The Grandmaster ****

Publié le 21 Mai 2013

De Wong Kar-Wai

 

Chine, 1936. Ip Man, maître légendaire de Wing Chun (un des divers styles de kung-fu) et futur mentor de Bruce Lee, mène une vie prospère à Foshan où il partage son temps entre sa famille et les arts-martiaux. C'est à ce moment que le Grand-maître Baosen, à la tête de l'Ordre des Arts Martiaux Chinois, cherche son successeur.

Pour sa cérémonie d'adieux, il se rend à Foshan, avec sa fille Gong Er, elle-même maître du style Ba Gua et la seule à connaître la figure mortelle des 64 mains. Lors de cette cérémonie, Ip Man affronte les grand maîtres du Sud et fait alors la connaissance de Gong Er en qui il trouve son égal.
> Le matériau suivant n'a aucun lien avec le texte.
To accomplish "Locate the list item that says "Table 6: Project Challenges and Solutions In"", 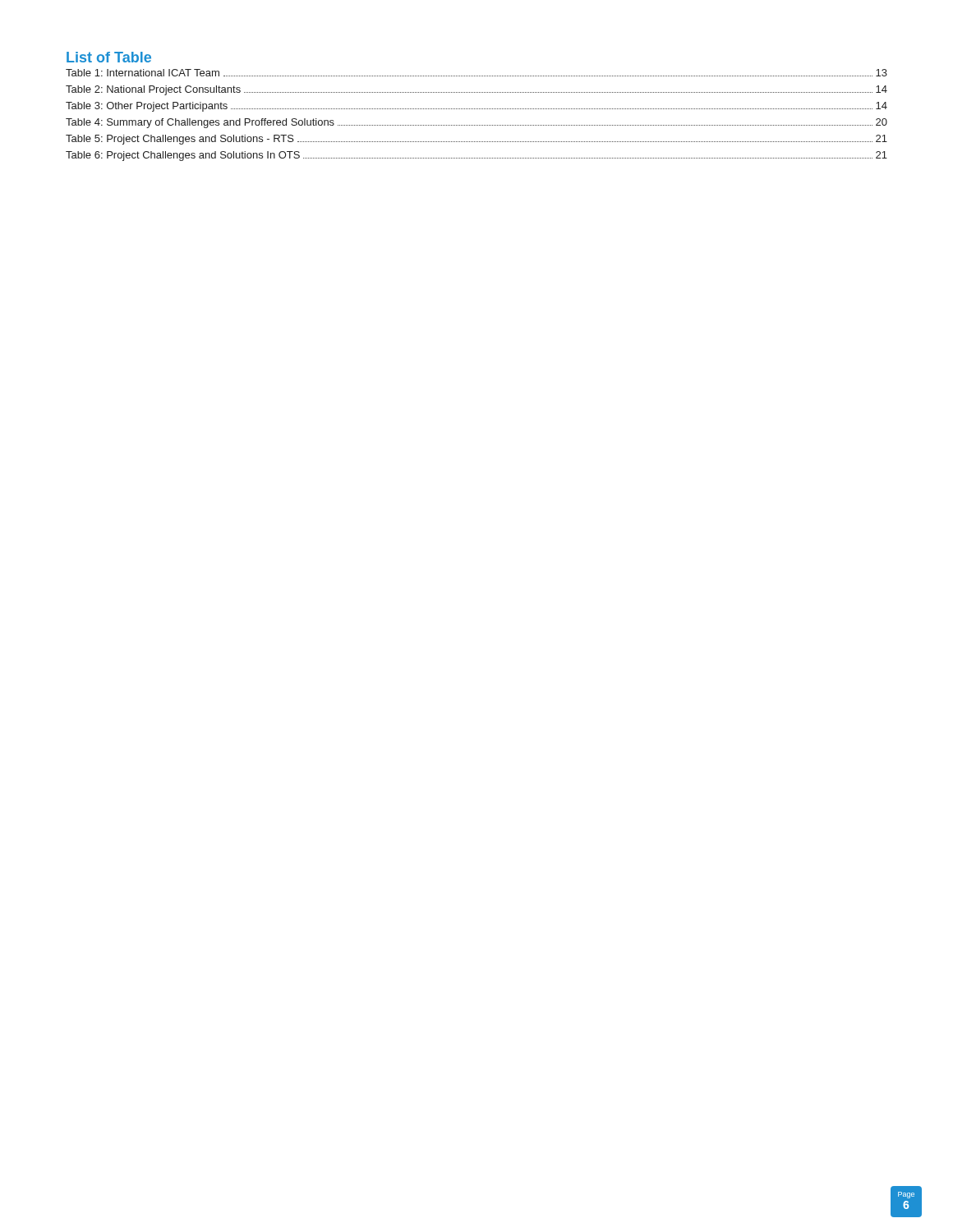I will pos(476,155).

Peu de temps après, le Grand-maître Baosen est assassiné par l'un de ses disciples, puis, entre 1937 et 1945, l'occupation japonaise plonge le pays dans le chaos. Divisions et complots naissent alors au sein des différentes écoles d'arts martiaux, poussant Ip Man et Gong Er à prendre des décisions qui changeront leur vie à jamais...

 

 

 

Wong Kar Wai, c'est pour moi l'ambiance éthérée de In the mood for love, avec ces amours qui ne s'avouent pas, une esthétique marquée et une certaine contemplativité. Alors, lorsqu'on a commencé à parler de The Grandmaster, deux choses se sont d'emblée imposées à moi : premièrement, le kung-fu n'est à priori pas mon truc, exception  cependant faite lorsque cette discipline est pratiquée par un panda rondouillard. Allez donc savoir pourquoi ! Deuxième chose, j'avais du mal à voir comment Wong Kar Wai allait pouvoir traiter ce thème sans perdre ce qui fait toute l'âme de ces films.

 

Et puis, lorsque l'on me l'a conseillé, je me suis décidée à y aller.

 

Le résultat est surprenant car l'esthétique du réalisateur est parfaitement préservée. Appliquée aux scènes de combat elle les sublime sans qu'elles n'en perdent leur énergie. Ce qui est intéressant, c'est que l'on y aborde les différentes branches de ce que l'on appelle communément kung-fu en occident. A vrai dire, sans rien y connaître, cela m'a décontenancée, mais surtout intrigué. J'ai heureusement bénéficié des lumières de M. Lalune qui a pu clarifier un peu tout cela.

 

Ce qui m'étonne toujours, dans les films asiatiques, c'est le jeu des acteurs. Si l'on excepte des pays comme l'Inde où tout semble communément surjoué - fait qui s'explique par la nécessité de faire passer l'histoire dans un pays aux multiples langues - les autres grands pays producteurs de cinéma, je pense notamment à la Chine, à la Corée, au Japon, semblent privilégier un jeu épuré, à la limite de l'inexpressivité. Et pourtant... j'admire la capacité de ces acteurs  à véhiculer des sentiments intérieurs sans presque rien laisser paraître à l'extérieur. J'avais déjà évoqué à ce sujet la prestation de Gong Li dans la cité interdite qui excellait à faire ressentir la rage intérieure de l'impératrice avec presque rien. Ici, c'est Tony Leung qui est saisissant. Dans une discussion avec le personnage interprété par Zhang Ziyi, on voit bien, plan après plan, que son visage ne montre aucune expression, et pourtant, on croit suivre tout le cheminement de sa pensée et de ses sentiments. Peut-être est-ce une simple projection de l'imagination du spectateur, mais je crois sincèrement qu'il y a autre chose, et que le grand talent de ce type d'acteur réside justement là, dans cette économie d'effets. Sans doute cela découle-t-il également d'une culture ou les états d'âme individuels doivent se faire discrets. Toutes ces considérations ne sont bien sûr que le reflet de ce que j'ai pu voir de ces cinémas asiatiques, échantillon forcément trop limité pour avoir une réelle vue d'ensemble.

 

The Grandmaster n'est donc au fond par un film de kung-fu à proprement parler. Si elle est présente, cette discipline n'est presque qu'un prétexte à développer des thèmes bien plus universels et plus forts. Reste un film d'une incroyable beauté formelle, qui retrace le parcours tourmenté d'un homme pris dans l'histoire et entièrement voué à son Art.